Biography

The fate of Hijman Kanes, his wife Heintje Vogel and their son Louis.

Hijman Kanes was a son of Levie Kanes and Betje Koopman. He was born in Amsterdam on 16 October 1892 and earned his living as a docker in the port of Amsterdam. He married Heintje Vogel in Amsterdam on 17 June 1924, a daughter of Isaac Vogel and Trijntje Lubig. She was born on 11 March 1897.

When Heintje’s mother Trijntje Lubig passed away on 22 June 1918 and was interred in the Jewish Cemetery in Diemen, she left her parental home the next year on 25 September 1919 and came living in with he brother-in-law Meijer Soep, who was married to her sister Anna Vogel. She lived there until her wedding in June 1924. Also Hijman kept living at home with his parents at Valkenburgerstraat 147.

After the wedding was concluded, Hijman and Heintje moved into a house at Valkenburgerstraat 178 3rd floor, moved however in October 1931 to the 1st floor of house 178. On 24 March 1932 they moved to Krugerplein 38 1st floor. There, on 21 July 1932 their son Louis was born. But in February 1933 they moved back to the 1st floor of Valkenburgerstraat 176.

Hijman Kanes was already taken to Westerbork possibly at the end of September 1942 and put on transport direction Auschwitz on 2 October 1942. This transport made a stop at Cosel, located ±80 km West from Auschwitz, where 160 persons fit for work between 15 and 50 year were forced to leave the train. Among those men also the then still 50-year old docker Hijman Kanes. They were put to work in the surrounding forced labor camps in Upper Silesia.

Hijman Kanes ended up in one of the labor camps of the Reichsautobahn Direktion in the resort Gross Rosen, which were involved in the construction of of an Autobahn. The labor as well the conditions in those camps were particularly harsh and inhumane, with many dying of exhaustion and disease, if they had not already been killed by guards.

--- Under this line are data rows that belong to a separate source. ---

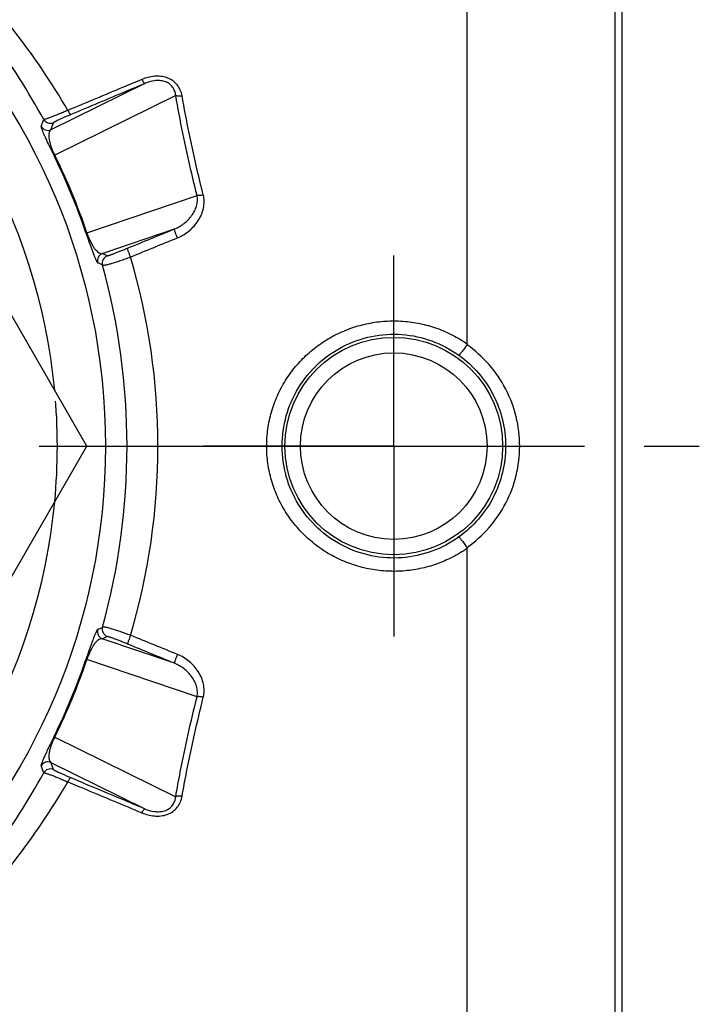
# Model space of a CAD drawing. Header units: millimetres. Extents: x 420 to 580, y 417 to 583.
# Tile 4 of 5: x 536 to 580, y 464 to 528. Entities that reach past the tile are written whole.
import ezdxf

# ---------------------------------------------------------------- set-up
doc = ezdxf.new("R2010")
doc.units = ezdxf.units.MM
doc.header["$LTSCALE"] = 65.185185
doc.linetypes.add('CENTER', pattern=[0.6, 0.375, -0.075, 0.075, -0.075])
doc.linetypes.add('HIDDEN', pattern=[0.2, 0.1, -0.1])
for name, color, linetype in [('ACHSEN_S', 7, 'CONTINUOUS'), ('FASEN', 7, 'CONTINUOUS'), ('KOERPER', 7, 'CONTINUOUS'), ('KONST.EL_MIT_GEO', 7, 'CONTINUOUS')]:
    doc.layers.add(name, color=color, linetype=linetype)

msp = doc.modelspace()

# ---------------------------------------------------------------- linework, layer by layer
at = {"layer": 'ACHSEN_S', "color": 2, "linetype": 'CENTER'}
msp.add_line((420, 500), (580, 500), dxfattribs=at)
at = {"layer": 'FASEN', "color": 7, "linetype": 'Continuous'}
msp.add_circle((500, 500), 41.605, dxfattribs=at)
for start, end in [(5.38014, 54.61985), (305.38015, 354.61986)]:
    msp.add_arc((500, 500), 38.5, start, end, dxfattribs=at)
at = {"layer": 'FASEN', "color": 8, "linetype": 'HIDDEN'}
msp.add_arc((500, 500), 38.5, 354.61986, 5.38014, dxfattribs=at)
at = {"layer": 'KOERPER', "color": 2, "linetype": 'CENTER'}
for q in [(560.25, 512.321), (547.929, 500), (572.571, 500), (560.25, 487.679)]:
    msp.add_line((560.25, 500), q, dxfattribs=at)
at = {"layer": 'KONST.EL_MIT_GEO', "color": 7, "linetype": 'Continuous'}
for p, q in [((575, 578), (575, 422)), ((565, 506.609), (565, 555.388)), ((574.544, 554.498), (574.544, 445.502)), ((540.415, 500), (520.207, 535)), ((544.159, 523.457), (538.085, 520.461)), ((546.152, 522.676), (538.332, 518.818)), ((540.411, 513.798), (547.528, 516.213)), ((541.398, 512.462), (546.072, 514.048)), ((520.207, 465), (540.415, 500)), ((565, 444.612), (565, 493.391)), ((546.072, 485.952), (541.398, 487.538)), ((547.528, 483.787), (540.411, 486.202)), ((538.332, 481.182), (546.152, 477.324)), ((538.085, 479.539), (544.159, 476.543))]:
    msp.add_line(p, q, dxfattribs=at)
for radius in [7.034, 6.034]:
    msp.add_circle((560.25, 500), radius, dxfattribs=at)
for centre, radius, start, end in [((416.703, 563.745), 128.203, 340.37217, 340.58831), ((538.053, 521.382), 0.5, 209.40207, 292.42865), ((537.894, 520.923), 0.5, 208.97685, 292.42804), ((414.722, 563.655), 130.706, 340.70251, 340.91559), ((502.616, 501.083), 39.817, 18.63356, 26.36644), ((502.21, 500.915), 40.315, 18.63656, 26.36343), ((541.59, 512), 0.5, 112.572, 196.02343), ((484.81, 394.893), 130.479, 64.14375, 64.29759), ((541.905, 511.848), 0.5, 112.57155, 195.7162), ((501.705, 499.995), 43.297, 0.00687, 16.42702), ((486.271, 396.228), 127.978, 64.47191, 64.62796), ((498.824, 500.001), 44.18, 359.99881, 15.37175), ((498.824, 499.999), 44.18, 344.62825, 0.00119), ((501.705, 500.005), 43.297, 343.57298, 359.99313), ((541.59, 488), 0.5, 163.97685, 247.42804), ((486.271, 603.772), 127.978, 295.37204, 295.52809), ((541.905, 488.152), 0.5, 164.28379, 247.42847), ((484.81, 605.107), 130.479, 295.70241, 295.85625), ((502.616, 498.917), 39.817, 333.63356, 341.36644), ((502.21, 499.085), 40.315, 333.63657, 341.36344), ((537.894, 479.077), 0.5, 67.57279, 151.02264), ((416.703, 436.255), 128.203, 19.41169, 19.62783), ((538.053, 478.618), 0.5, 67.57213, 150.59716), ((414.722, 436.345), 130.706, 19.08441, 19.29749)]:
    msp.add_arc(centre, radius, start, end, dxfattribs=at)
for points, knots in [([(539.174, 521.717), (538.124, 523.54), (535.778, 527.011), (531.589, 531.644), (526.835, 535.631), (523.337, 537.83), (521.519, 538.806)], [0, 0, 0, 0, 0.253761, 0.503358, 0.751117, 1, 1, 1, 1]), ([(537.618, 521.137), (536.639, 522.929), (534.451, 526.35), (530.52, 530.945), (526.038, 534.925), (522.72, 537.138), (520.992, 538.125)], [0, 0, 0, 0, 0.254679, 0.504487, 0.751854, 1, 1, 1, 1]), ([(543.968, 523.718), (543.569, 523.551), (541.971, 522.884), (540.373, 522.217), (539.174, 521.717)], [0, 0, 0, 0, 0.24975, 1, 1, 1, 1]), ([(546.56, 522.653), (546.538, 522.78), (546.464, 523.032), (546.262, 523.375), (545.966, 523.653), (545.598, 523.842), (545.19, 523.933), (544.633, 523.935), (544.223, 523.824), (543.968, 523.718)], [0, 0, 0, 0, 0.119251, 0.239845, 0.362876, 0.488701, 0.616534, 0.745085, 1, 1, 1, 1]), ([(543.968, 523.718), (543.986, 523.68), (544.022, 523.614), (544.074, 523.531), (544.114, 523.481), (544.142, 523.46), (544.154, 523.456), (544.159, 523.457)], [0, 0, 0, 0, 0.379382, 0.683837, 0.891464, 0.95658, 1, 1, 1, 1]), ([(546.152, 522.676), (546.142, 522.773), (546.101, 522.969), (545.959, 523.241), (545.729, 523.462), (545.431, 523.602), (545.104, 523.656), (544.669, 523.635), (544.355, 523.541), (544.159, 523.457)], [0, 0, 0, 0, 0.115741, 0.234562, 0.358421, 0.487069, 0.617576, 0.747257, 1, 1, 1, 1]), ([(544.159, 523.457), (543.76, 523.289), (542.162, 522.616), (540.564, 521.944), (539.365, 521.44)], [0, 0, 0, 0, 0.249746, 1, 1, 1, 1]), ([(546.56, 522.653), (546.484, 522.641), (546.373, 522.634), (546.236, 522.649), (546.177, 522.665), (546.152, 522.676)], [0, 0, 0, 0, 0.560305, 0.80043, 1, 1, 1, 1]), ([(547.528, 516.213), (547.393, 516.756), (546.878, 518.897), (546.435, 521.056), (546.152, 522.676)], [0, 0, 0, 0, 0.253683, 1, 1, 1, 1]), ([(547.936, 516.245), (547.801, 516.782), (547.285, 518.906), (546.843, 521.047), (546.56, 522.653)], [0, 0, 0, 0, 0.253683, 1, 1, 1, 1]), ([(539.174, 521.717), (539.072, 521.673), (538.874, 521.588), (538.588, 521.468), (538.328, 521.363), (538.102, 521.276), (537.938, 521.217), (537.827, 521.18), (537.762, 521.16), (537.708, 521.146), (537.667, 521.137), (537.638, 521.133), (537.622, 521.134), (537.618, 521.137)], [0, 0, 0, 0, 0.20007, 0.387956, 0.55778, 0.704527, 0.824262, 0.873085, 0.914199, 0.947438, 0.972719, 0.990094, 1, 1, 1, 1]), ([(539.174, 521.717), (539.193, 521.678), (539.229, 521.608), (539.282, 521.52), (539.321, 521.466), (539.348, 521.443), (539.36, 521.439), (539.365, 521.44)], [0, 0, 0, 0, 0.381141, 0.687853, 0.895935, 0.959682, 1, 1, 1, 1]), ([(539.365, 521.44), (539.287, 521.407), (539.137, 521.343), (538.922, 521.25), (538.73, 521.165), (538.566, 521.09), (538.449, 521.035), (538.373, 520.997), (538.329, 520.975), (538.295, 520.956), (538.269, 520.941), (538.254, 520.93), (538.246, 520.923), (538.244, 520.92)], [0, 0, 0, 0, 0.20441, 0.395682, 0.567381, 0.714306, 0.832723, 0.880466, 0.920314, 0.952163, 0.97598, 0.991822, 1, 1, 1, 1]), ([(537.456, 520.681), (537.454, 520.675), (537.453, 520.66), (537.457, 520.618), (537.478, 520.541), (537.521, 520.418), (537.591, 520.247), (537.694, 520.012), (537.841, 519.693), (538.044, 519.268), (538.201, 518.947), (538.291, 518.767)], [0, 0, 0, 0, 0.008675, 0.021414, 0.060886, 0.121652, 0.207809, 0.326008, 0.487743, 0.711663, 1, 1, 1, 1]), ([(538.085, 520.461), (537.973, 520.377), (537.936, 520.136), (537.962, 519.86), (538.015, 519.599), (538.131, 519.242), (538.251, 518.973), (538.332, 518.818)], [0, 0, 0, 0, 0.24188, 0.348687, 0.491908, 0.697661, 1, 1, 1, 1]), ([(538.291, 518.767), (538.29, 518.77), (538.292, 518.777), (538.305, 518.795), (538.32, 518.808), (538.332, 518.818)], [0, 0, 0, 0, 0.133054, 0.337884, 1, 1, 1, 1]), ([(546.072, 514.048), (546.293, 514.138), (546.708, 514.377), (547.126, 514.803), (547.371, 515.201), (547.5, 515.525), (547.564, 515.867), (547.551, 516.1), (547.528, 516.213)], [0, 0, 0, 0, 0.254944, 0.505661, 0.629887, 0.75336, 0.876474, 1, 1, 1, 1]), ([(546.263, 513.472), (546.537, 513.584), (547.051, 513.892), (547.55, 514.448), (547.825, 514.966), (547.958, 515.383), (548.005, 515.816), (547.971, 516.105), (547.936, 516.245)], [0, 0, 0, 0, 0.253465, 0.504499, 0.629307, 0.753379, 0.876837, 1, 1, 1, 1]), ([(547.936, 516.245), (547.859, 516.227), (547.749, 516.208), (547.612, 516.203), (547.553, 516.208), (547.528, 516.213)], [0, 0, 0, 0, 0.571386, 0.809928, 1, 1, 1, 1]), ([(546.263, 513.472), (546.235, 513.539), (546.194, 513.637), (546.146, 513.766), (546.115, 513.853), (546.092, 513.926), (546.078, 513.978), (546.071, 514.011), (546.069, 514.028), (546.069, 514.04), (546.071, 514.047), (546.072, 514.048)], [0, 0, 0, 0, 0.355244, 0.524163, 0.676527, 0.805192, 0.904231, 0.941235, 0.969417, 0.988742, 1, 1, 1, 1]), ([(540.346, 513.806), (540.41, 513.615), (540.526, 513.276), (540.683, 512.833), (540.804, 512.502), (540.897, 512.264), (540.97, 512.094), (541.026, 511.976), (541.065, 511.907), (541.092, 511.874), (541.103, 511.864), (541.109, 511.862)], [0, 0, 0, 0, 0.288337, 0.512256, 0.673991, 0.792191, 0.878348, 0.939114, 0.978586, 0.991325, 1, 1, 1, 1]), ([(540.346, 513.806), (540.347, 513.803), (540.354, 513.799), (540.376, 513.796), (540.396, 513.797), (540.411, 513.798)], [0, 0, 0, 0, 0.133053, 0.337882, 1, 1, 1, 1]), ([(540.411, 513.798), (540.463, 513.632), (540.569, 513.357), (540.74, 513.022), (540.886, 512.8), (541.063, 512.587), (541.259, 512.442), (541.398, 512.462)], [0, 0, 0, 0, 0.302339, 0.508092, 0.651312, 0.75812, 1, 1, 1, 1]), ([(541.713, 512.31), (541.715, 512.309), (541.719, 512.309), (541.731, 512.31), (541.753, 512.315), (541.788, 512.324), (541.834, 512.339), (541.892, 512.358), (541.959, 512.381), (542.036, 512.409), (542.157, 512.453), (542.327, 512.518), (542.549, 512.604), (542.791, 512.701), (542.959, 512.769), (543.044, 512.804)], [0, 0, 0, 0, 0.003189, 0.008431, 0.025424, 0.051122, 0.085343, 0.127803, 0.178151, 0.235976, 0.300812, 0.449406, 0.619219, 0.804793, 1, 1, 1, 1]), ([(543.235, 512.239), (543.221, 512.272), (543.194, 512.338), (543.155, 512.436), (543.119, 512.529), (543.089, 512.614), (543.066, 512.686), (543.052, 512.737), (543.045, 512.769), (543.042, 512.785), (543.042, 512.797), (543.043, 512.803), (543.044, 512.804)], [0, 0, 0, 0, 0.179142, 0.357388, 0.526514, 0.678716, 0.807003, 0.905567, 0.942316, 0.970228, 0.989231, 1, 1, 1, 1]), ([(541.424, 511.712), (541.428, 511.707), (541.447, 511.702), (541.48, 511.701), (541.53, 511.706), (541.594, 511.716), (541.673, 511.733), (541.806, 511.764), (542.002, 511.819), (542.268, 511.9), (542.569, 512), (542.896, 512.114), (543.121, 512.196), (543.235, 512.239)], [0, 0, 0, 0, 0.010432, 0.02832, 0.054461, 0.088897, 0.131441, 0.181789, 0.304273, 0.452473, 0.621615, 0.80617, 1, 1, 1, 1]), ([(552.033, 500), (552.033, 500.372), (552.085, 501.118), (552.319, 502.214), (552.702, 503.266), (553.227, 504.254), (553.883, 505.16), (554.657, 505.968), (555.533, 506.663), (556.496, 507.233), (557.527, 507.668), (558.608, 507.962), (559.719, 508.108), (560.839, 508.104), (561.949, 507.95), (563.028, 507.649), (564.056, 507.207), (564.695, 506.822), (565, 506.609)], [0, 0, 0, 0, 0.062562, 0.125103, 0.187609, 0.250077, 0.312513, 0.374936, 0.437365, 0.49982, 0.562313, 0.624843, 0.687402, 0.74997, 0.812528, 0.875056, 0.937547, 1, 1, 1, 1]), ([(553.032, 500), (553.032, 500.659), (553.214, 501.984), (554.011, 503.816), (555.273, 505.366), (556.907, 506.517), (558.793, 507.182), (560.791, 507.309), (562.747, 506.888), (563.928, 506.262), (564.462, 505.878)], [0, 0, 0, 0, 0.125146, 0.250124, 0.374945, 0.499791, 0.624815, 0.749976, 0.875082, 1, 1, 1, 1]), ([(564.985, 506.559), (564.952, 506.513), (564.887, 506.424), (564.793, 506.296), (564.707, 506.18), (564.631, 506.08), (564.574, 506.008), (564.536, 505.96), (564.513, 505.932), (564.494, 505.91), (564.48, 505.893), (564.47, 505.883), (564.464, 505.878), (564.462, 505.878)], [0, 0, 0, 0, 0.197299, 0.383638, 0.55338, 0.701387, 0.823192, 0.873094, 0.915147, 0.949043, 0.974545, 0.99151, 1, 1, 1, 1]), ([(568.39, 500), (568.39, 500.638), (568.236, 501.92), (567.553, 503.728), (566.463, 505.324), (565.506, 506.189), (564.985, 506.559)], [0, 0, 0, 0, 0.249998, 0.499982, 0.749976, 1, 1, 1, 1]), ([(564.462, 505.878), (564.925, 505.546), (565.777, 504.767), (566.741, 503.335), (567.342, 501.716), (567.478, 500.57), (567.478, 500)], [0, 0, 0, 0, 0.250012, 0.499997, 0.749985, 1, 1, 1, 1]), ([(565, 493.391), (564.695, 493.178), (564.056, 492.793), (563.028, 492.351), (561.949, 492.05), (560.839, 491.896), (559.719, 491.892), (558.608, 492.038), (557.527, 492.332), (556.496, 492.767), (555.533, 493.337), (554.657, 494.032), (553.883, 494.84), (553.227, 495.746), (552.702, 496.734), (552.319, 497.786), (552.085, 498.882), (552.033, 499.628), (552.033, 500)], [0, 0, 0, 0, 0.062453, 0.124944, 0.187472, 0.25003, 0.312598, 0.375157, 0.437687, 0.50018, 0.562635, 0.625064, 0.687487, 0.749923, 0.812391, 0.874897, 0.937438, 1, 1, 1, 1]), ([(564.462, 494.122), (563.928, 493.738), (562.747, 493.112), (560.791, 492.691), (558.793, 492.818), (556.907, 493.483), (555.273, 494.634), (554.011, 496.184), (553.214, 498.016), (553.032, 499.341), (553.032, 500)], [0, 0, 0, 0, 0.124918, 0.250024, 0.375185, 0.500209, 0.625055, 0.749876, 0.874854, 1, 1, 1, 1]), ([(567.478, 500), (567.478, 499.43), (567.342, 498.284), (566.741, 496.665), (565.777, 495.233), (564.925, 494.454), (564.462, 494.122)], [0, 0, 0, 0, 0.250015, 0.500003, 0.749988, 1, 1, 1, 1]), ([(564.985, 493.441), (565.506, 493.811), (566.463, 494.676), (567.553, 496.272), (568.236, 498.08), (568.39, 499.362), (568.39, 500)], [0, 0, 0, 0, 0.250024, 0.500018, 0.750002, 1, 1, 1, 1]), ([(564.462, 494.122), (564.464, 494.122), (564.47, 494.117), (564.48, 494.107), (564.494, 494.09), (564.513, 494.068), (564.536, 494.04), (564.574, 493.992), (564.631, 493.92), (564.707, 493.82), (564.793, 493.704), (564.887, 493.576), (564.952, 493.487), (564.985, 493.441)], [0, 0, 0, 0, 0.008491, 0.025455, 0.050957, 0.084853, 0.126906, 0.176808, 0.298613, 0.44662, 0.616362, 0.802701, 1, 1, 1, 1]), ([(541.109, 488.138), (541.103, 488.136), (541.092, 488.126), (541.065, 488.093), (541.026, 488.024), (540.97, 487.906), (540.897, 487.736), (540.804, 487.498), (540.683, 487.167), (540.526, 486.724), (540.41, 486.385), (540.346, 486.194)], [0, 0, 0, 0, 0.008675, 0.021414, 0.060886, 0.121652, 0.207809, 0.326009, 0.487744, 0.711663, 1, 1, 1, 1]), ([(543.235, 487.761), (543.121, 487.804), (542.896, 487.886), (542.569, 488), (542.268, 488.1), (542.002, 488.181), (541.806, 488.236), (541.673, 488.267), (541.594, 488.284), (541.53, 488.294), (541.48, 488.299), (541.447, 488.298), (541.428, 488.293), (541.424, 488.288)], [0, 0, 0, 0, 0.19383, 0.378385, 0.547527, 0.695727, 0.818211, 0.868559, 0.911103, 0.945539, 0.97168, 0.989568, 1, 1, 1, 1]), ([(541.398, 487.538), (541.259, 487.558), (541.063, 487.413), (540.886, 487.2), (540.74, 486.978), (540.569, 486.643), (540.463, 486.368), (540.411, 486.202)], [0, 0, 0, 0, 0.24188, 0.348688, 0.491908, 0.697661, 1, 1, 1, 1]), ([(543.044, 487.196), (542.959, 487.231), (542.791, 487.299), (542.549, 487.396), (542.327, 487.482), (542.157, 487.547), (542.036, 487.591), (541.959, 487.619), (541.892, 487.642), (541.834, 487.661), (541.788, 487.676), (541.753, 487.685), (541.731, 487.69), (541.719, 487.691), (541.715, 487.691), (541.713, 487.69)], [0, 0, 0, 0, 0.195207, 0.380781, 0.550594, 0.699188, 0.764024, 0.821849, 0.872197, 0.914657, 0.948878, 0.974576, 0.991569, 0.996811, 1, 1, 1, 1]), ([(543.235, 487.761), (543.221, 487.728), (543.194, 487.662), (543.155, 487.564), (543.119, 487.471), (543.089, 487.386), (543.066, 487.314), (543.052, 487.263), (543.045, 487.231), (543.042, 487.215), (543.042, 487.203), (543.043, 487.197), (543.044, 487.196)], [0, 0, 0, 0, 0.179142, 0.357388, 0.526514, 0.678716, 0.807003, 0.905566, 0.942316, 0.970228, 0.989231, 1, 1, 1, 1]), ([(540.346, 486.194), (540.347, 486.197), (540.354, 486.201), (540.376, 486.204), (540.396, 486.203), (540.411, 486.202)], [0, 0, 0, 0, 0.133054, 0.337884, 1, 1, 1, 1]), ([(546.263, 486.528), (546.235, 486.461), (546.194, 486.363), (546.146, 486.234), (546.115, 486.147), (546.092, 486.074), (546.078, 486.022), (546.071, 485.989), (546.069, 485.972), (546.069, 485.96), (546.071, 485.953), (546.072, 485.952)], [0, 0, 0, 0, 0.355244, 0.524163, 0.676526, 0.805192, 0.904231, 0.941235, 0.969417, 0.988742, 1, 1, 1, 1]), ([(547.528, 483.787), (547.551, 483.9), (547.564, 484.133), (547.5, 484.475), (547.371, 484.799), (547.126, 485.197), (546.708, 485.623), (546.293, 485.862), (546.072, 485.952)], [0, 0, 0, 0, 0.123526, 0.24664, 0.370113, 0.494339, 0.745056, 1, 1, 1, 1]), ([(547.936, 483.755), (547.971, 483.895), (548.005, 484.184), (547.958, 484.617), (547.825, 485.034), (547.55, 485.552), (547.051, 486.108), (546.537, 486.416), (546.263, 486.528)], [0, 0, 0, 0, 0.123163, 0.246621, 0.370693, 0.495501, 0.746535, 1, 1, 1, 1]), ([(546.152, 477.324), (546.246, 477.858), (546.646, 480.024), (547.126, 482.175), (547.528, 483.787)], [0, 0, 0, 0, 0.24612, 1, 1, 1, 1]), ([(546.56, 477.347), (546.653, 477.877), (547.054, 480.025), (547.534, 482.158), (547.936, 483.755)], [0, 0, 0, 0, 0.24612, 1, 1, 1, 1]), ([(547.936, 483.755), (547.859, 483.773), (547.749, 483.792), (547.612, 483.797), (547.553, 483.792), (547.528, 483.787)], [0, 0, 0, 0, 0.571386, 0.809928, 1, 1, 1, 1]), ([(538.291, 481.233), (538.201, 481.053), (538.044, 480.732), (537.841, 480.307), (537.694, 479.988), (537.591, 479.753), (537.521, 479.582), (537.478, 479.459), (537.457, 479.382), (537.453, 479.34), (537.454, 479.325), (537.456, 479.319)], [0, 0, 0, 0, 0.288337, 0.512257, 0.673992, 0.792191, 0.878348, 0.939114, 0.978586, 0.991325, 1, 1, 1, 1]), ([(538.332, 481.182), (538.251, 481.027), (538.131, 480.758), (538.015, 480.401), (537.962, 480.14), (537.936, 479.864), (537.973, 479.623), (538.085, 479.539)], [0, 0, 0, 0, 0.302339, 0.508092, 0.651313, 0.75812, 1, 1, 1, 1]), ([(538.291, 481.233), (538.29, 481.23), (538.292, 481.223), (538.305, 481.205), (538.32, 481.192), (538.332, 481.182)], [0, 0, 0, 0, 0.133053, 0.337882, 1, 1, 1, 1]), ([(538.244, 479.08), (538.246, 479.077), (538.254, 479.07), (538.269, 479.059), (538.295, 479.044), (538.329, 479.025), (538.373, 479.003), (538.449, 478.965), (538.566, 478.91), (538.73, 478.835), (538.922, 478.75), (539.137, 478.657), (539.287, 478.593), (539.365, 478.56)], [0, 0, 0, 0, 0.008178, 0.02402, 0.047837, 0.079686, 0.119534, 0.167277, 0.285694, 0.432619, 0.604318, 0.79559, 1, 1, 1, 1]), ([(520.992, 461.875), (522.72, 462.862), (526.038, 465.075), (530.52, 469.055), (534.451, 473.65), (536.639, 477.071), (537.618, 478.863)], [0, 0, 0, 0, 0.248146, 0.495513, 0.745321, 1, 1, 1, 1]), ([(537.618, 478.863), (537.622, 478.866), (537.638, 478.867), (537.667, 478.863), (537.708, 478.854), (537.762, 478.84), (537.827, 478.82), (537.938, 478.783), (538.102, 478.724), (538.328, 478.637), (538.588, 478.532), (538.874, 478.412), (539.072, 478.327), (539.174, 478.283)], [0, 0, 0, 0, 0.009906, 0.027281, 0.052562, 0.085801, 0.126915, 0.175738, 0.295473, 0.44222, 0.612044, 0.79993, 1, 1, 1, 1]), ([(539.174, 478.283), (539.193, 478.322), (539.229, 478.392), (539.282, 478.48), (539.321, 478.534), (539.348, 478.557), (539.36, 478.561), (539.365, 478.56)], [0, 0, 0, 0, 0.381141, 0.687852, 0.895935, 0.959682, 1, 1, 1, 1]), ([(539.365, 478.56), (539.765, 478.392), (541.363, 477.72), (542.961, 477.048), (544.159, 476.543)], [0, 0, 0, 0, 0.250248, 1, 1, 1, 1]), ([(521.519, 461.194), (523.337, 462.17), (526.835, 464.369), (531.589, 468.356), (535.778, 472.989), (538.124, 476.46), (539.174, 478.283)], [0, 0, 0, 0, 0.248883, 0.496642, 0.746239, 1, 1, 1, 1]), ([(539.174, 478.283), (539.574, 478.116), (541.172, 477.45), (542.77, 476.783), (543.968, 476.282)], [0, 0, 0, 0, 0.250244, 1, 1, 1, 1]), ([(543.968, 476.282), (544.223, 476.176), (544.633, 476.065), (545.19, 476.067), (545.598, 476.158), (545.966, 476.347), (546.262, 476.625), (546.464, 476.968), (546.538, 477.22), (546.56, 477.347)], [0, 0, 0, 0, 0.254915, 0.383466, 0.511299, 0.637124, 0.760155, 0.880749, 1, 1, 1, 1]), ([(544.159, 476.543), (544.355, 476.459), (544.669, 476.365), (545.104, 476.344), (545.431, 476.398), (545.729, 476.538), (545.959, 476.759), (546.101, 477.031), (546.142, 477.227), (546.152, 477.324)], [0, 0, 0, 0, 0.252743, 0.382424, 0.512931, 0.641579, 0.765438, 0.884259, 1, 1, 1, 1]), ([(546.56, 477.347), (546.484, 477.359), (546.373, 477.366), (546.236, 477.351), (546.177, 477.335), (546.152, 477.324)], [0, 0, 0, 0, 0.560305, 0.80043, 1, 1, 1, 1]), ([(543.968, 476.282), (543.986, 476.32), (544.022, 476.386), (544.074, 476.469), (544.114, 476.519), (544.142, 476.54), (544.154, 476.544), (544.159, 476.543)], [0, 0, 0, 0, 0.379382, 0.683837, 0.891464, 0.95658, 1, 1, 1, 1])]:
    msp.add_open_spline(points, degree=3, knots=knots, dxfattribs=at)
for points in [[(543.044, 512.804), (544.053, 513.219), (545.063, 513.634), (546.072, 514.048)], [(543.235, 512.239), (544.245, 512.65), (545.254, 513.061), (546.263, 513.472)], [(565, 506.609), (565, 506.592), (564.996, 506.573), (564.985, 506.559)], [(564.985, 493.441), (564.996, 493.427), (565, 493.408), (565, 493.391)], [(546.263, 486.528), (545.254, 486.939), (544.245, 487.35), (543.235, 487.761)], [(546.072, 485.952), (545.063, 486.366), (544.053, 486.781), (543.044, 487.196)]]:
    msp.add_open_spline(points, degree=3, dxfattribs=at)

doc.saveas('drawing.dxf')

As far it can be reconstructed, Hijman Kanes was transferred from the labor camp Sakrau to the “Arbeitskommando” (work command) Tränke on 22 Novembe 1942, where, according to the surviving witness Mr. Benjamins, Hijman Kanes would have been died in Tränke early 1943.

Despite of that, the Dutch Authorities after the war have established, that Hijman Kanes formally had died in Tränke only 31 October 1943. The testimony of Mr. Benjamins is thereby not included. (see also “the date of death of Hijman Kanes”)

From data of the registration cards of the Jewish Council of Heintje Kanes-Vogel, it appears that she and her son Louis has been “zurückgestellt”- exempted from deportation for the time being, but on their Jewish Council registration cards a reason for it is not to find. However, on 30 March 1943 they were taken to Westerbork where both were housed in barrack 61.

On 11 May 1943, Heintje Kanes-Vogel and her son Louis were put on transport to Sobibor. The transport contained a total of 1446 deportees, who upon arrival there on 14 May 1943, except for one survivor of this transport, were all immediately murdered in the gas chambers.

Sources include the City Archive of Amsterdam, family registration cards of Isaac Vogel, Levie Kanes and Hijman Kanes; archive cards of Hijman Kanes, Heintje Vogel and Louis Vogel; website wiewaswie/wedding Hijman Kanes x Heintje Vogel; City Archive, residence cards of Valkenburgerstraat 176 and 178 and Krugerplein 38; the file cabinet of the Jewish Council, registration cards of Hijman Kanes, Heintje Kanes-Vogel and Louis Kanes and the Wikipedia website Jodentransports from the Netherlands.nl.